• THE PROBLEM
Print nothing except the line holding "This screenshot has" and the lines that come after it in the material below, and leave the pictures out.

• INFORMATION SHOWN
------------------------------------------------------------

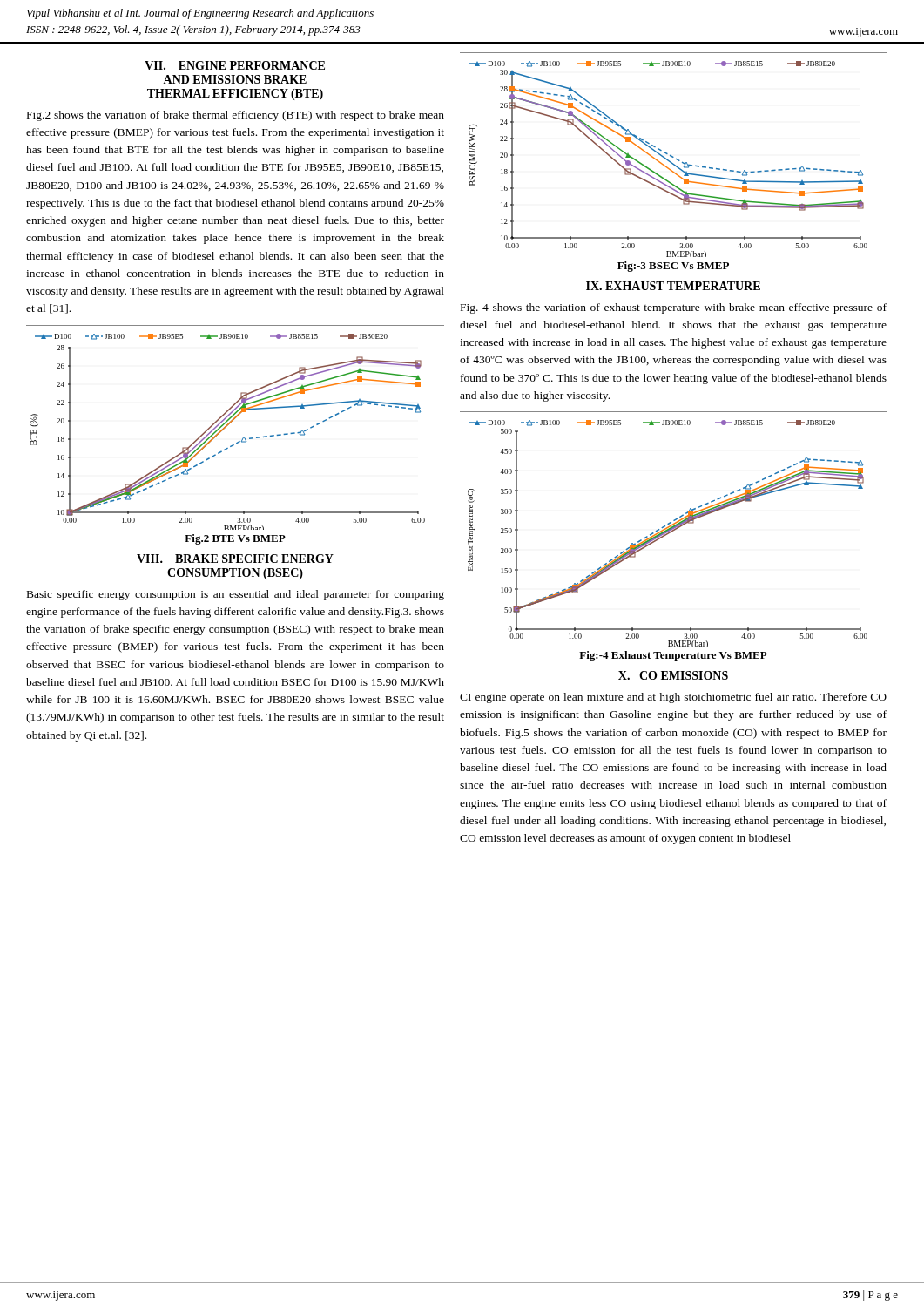Find the section header that reads "VII. ENGINE PERFORMANCEAND EMISSIONS BRAKETHERMAL EFFICIENCY (BTE)"

(235, 79)
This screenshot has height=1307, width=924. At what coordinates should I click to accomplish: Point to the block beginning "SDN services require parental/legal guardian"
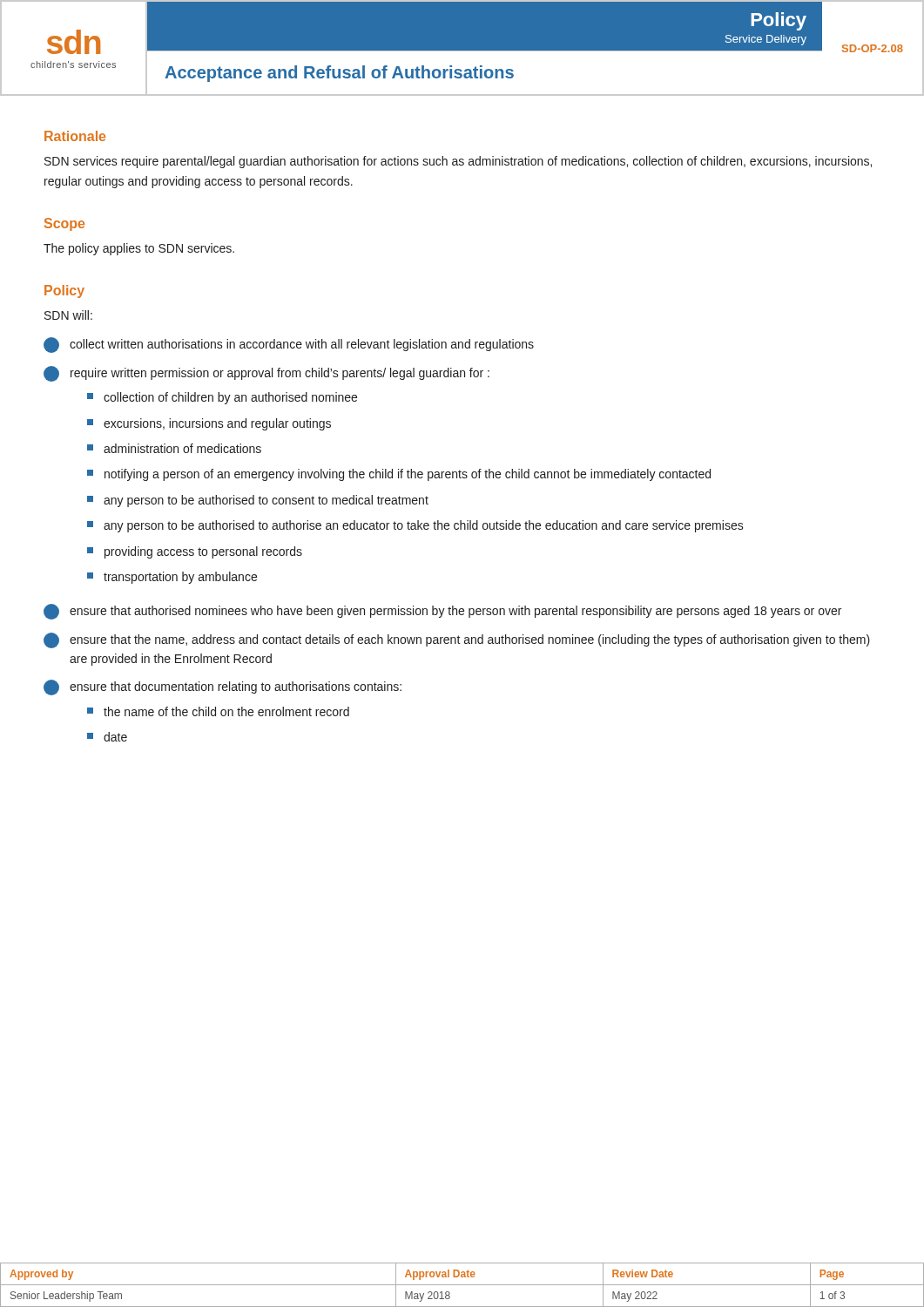458,171
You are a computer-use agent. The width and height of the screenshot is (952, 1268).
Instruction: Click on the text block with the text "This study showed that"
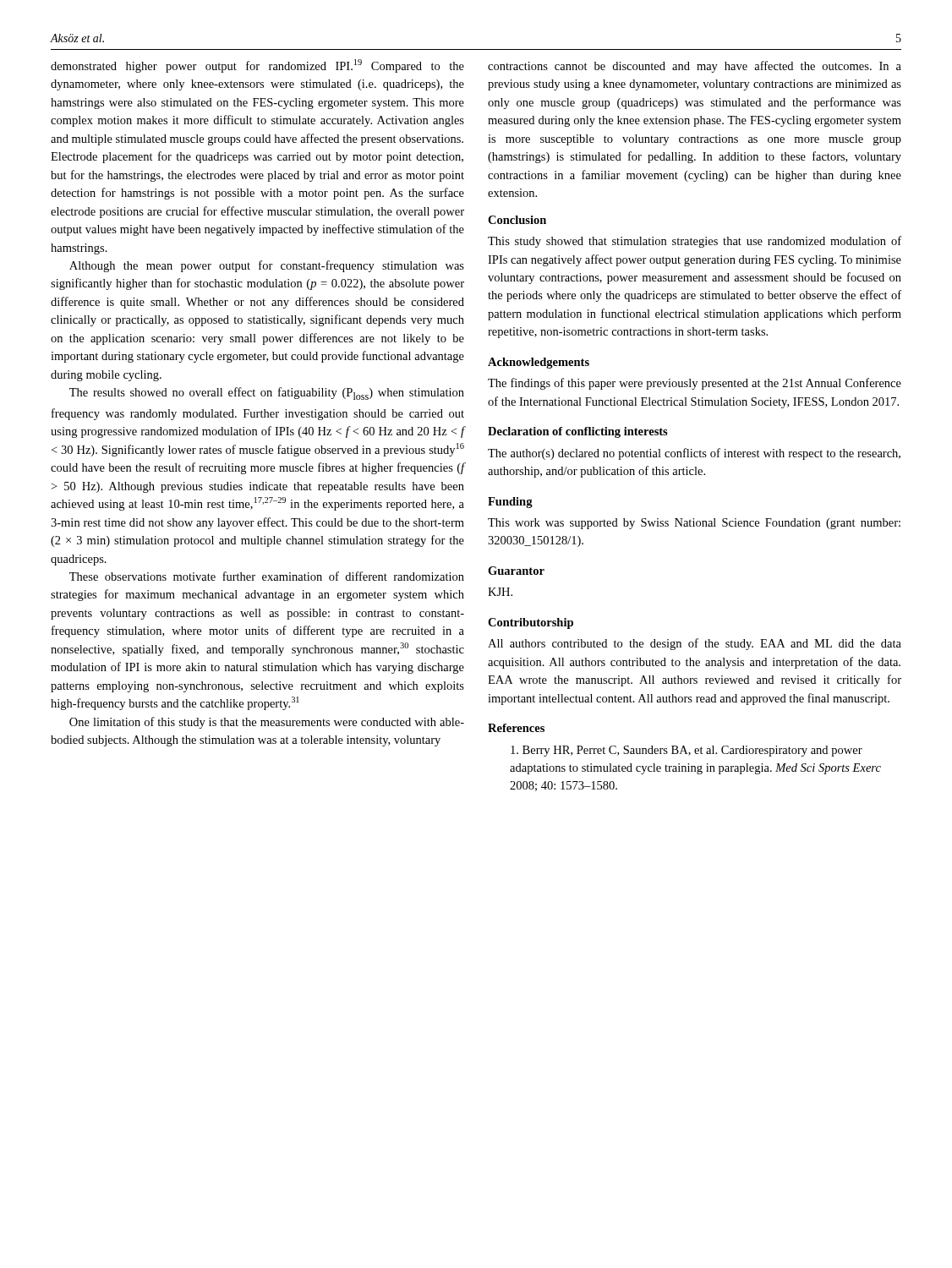coord(695,287)
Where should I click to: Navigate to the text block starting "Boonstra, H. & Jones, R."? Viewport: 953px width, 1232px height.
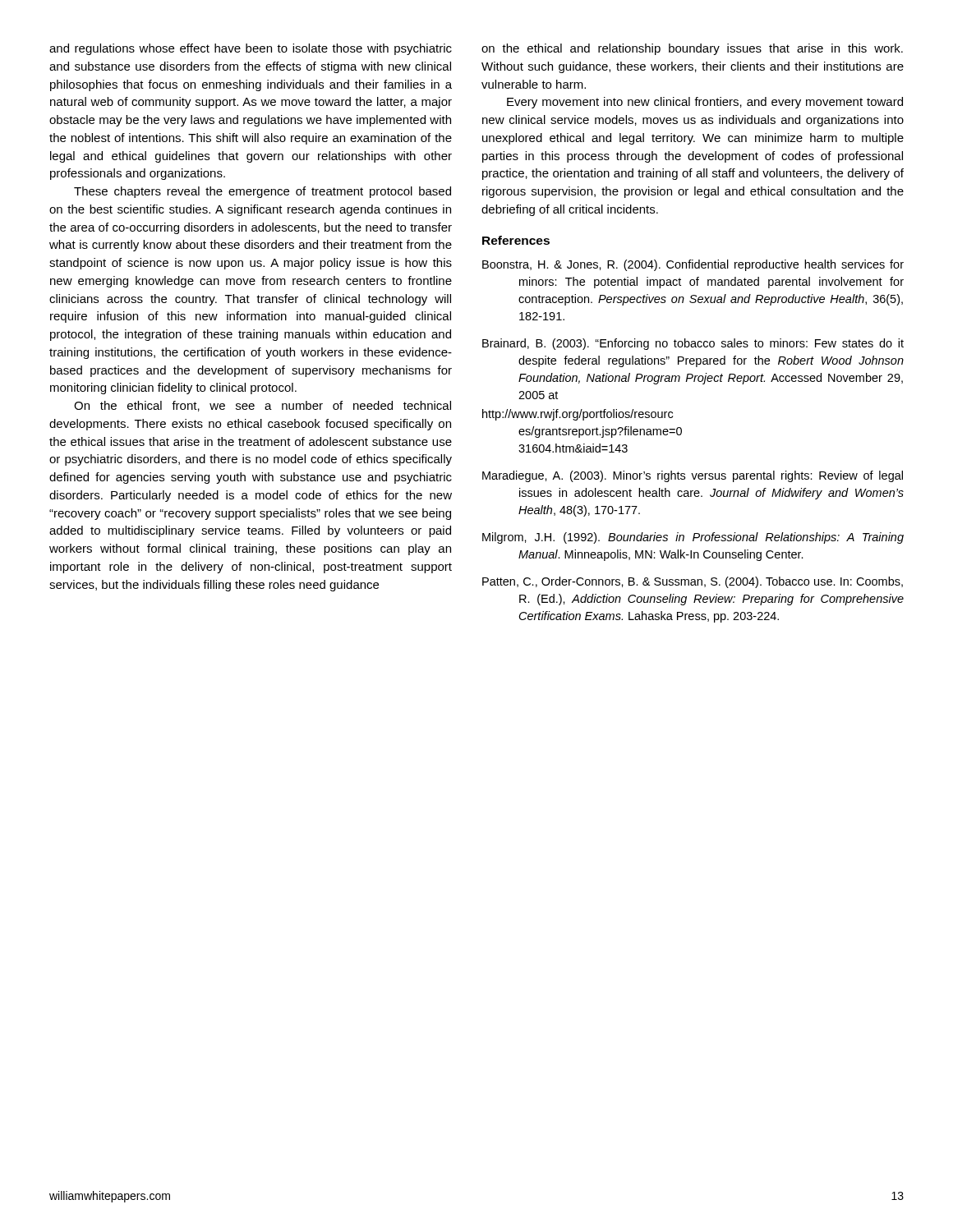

------------------------------------------------------------

• RESPONSE TO THE EXERCISE
This screenshot has height=1307, width=924. At what coordinates should I click to accomplish: Point to the block beginning "SDN services require parental/legal guardian"
458,171
You are a computer-use agent. The width and height of the screenshot is (952, 1268).
Instruction: Click on the text block with the text "This study showed that"
coord(695,287)
Where should I click to: Navigate to the text block starting "Boonstra, H. & Jones, R."? Viewport: 953px width, 1232px height.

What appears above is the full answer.